The answer should be a faithful retyping of the records that follow, pictures excluded.

> [Data provided]
========
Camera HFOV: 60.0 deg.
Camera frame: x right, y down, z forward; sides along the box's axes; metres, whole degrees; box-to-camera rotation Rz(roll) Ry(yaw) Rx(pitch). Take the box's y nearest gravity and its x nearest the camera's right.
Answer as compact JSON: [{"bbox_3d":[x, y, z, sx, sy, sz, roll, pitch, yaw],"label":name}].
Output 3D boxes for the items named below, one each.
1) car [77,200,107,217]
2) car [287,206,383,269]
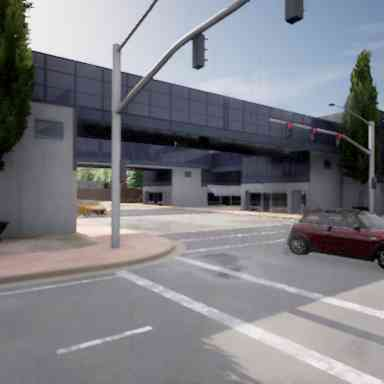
========
> [Solution]
Camera HFOV: 60.0 deg.
Camera frame: x right, y down, z forward; sides along the box's axes; metres, whole degrees; box-to-camera rotation Rz(roll) Ry(yaw) Rx(pitch). Take the box's y nearest gravity and its x nearest the camera's right.
Answer as compact JSON: [{"bbox_3d":[x, y, z, sx, sy, sz, roll, pitch, yaw],"label":name}].
Output 3D boxes for the items named below, one each.
1) car [77,200,107,217]
2) car [287,206,383,269]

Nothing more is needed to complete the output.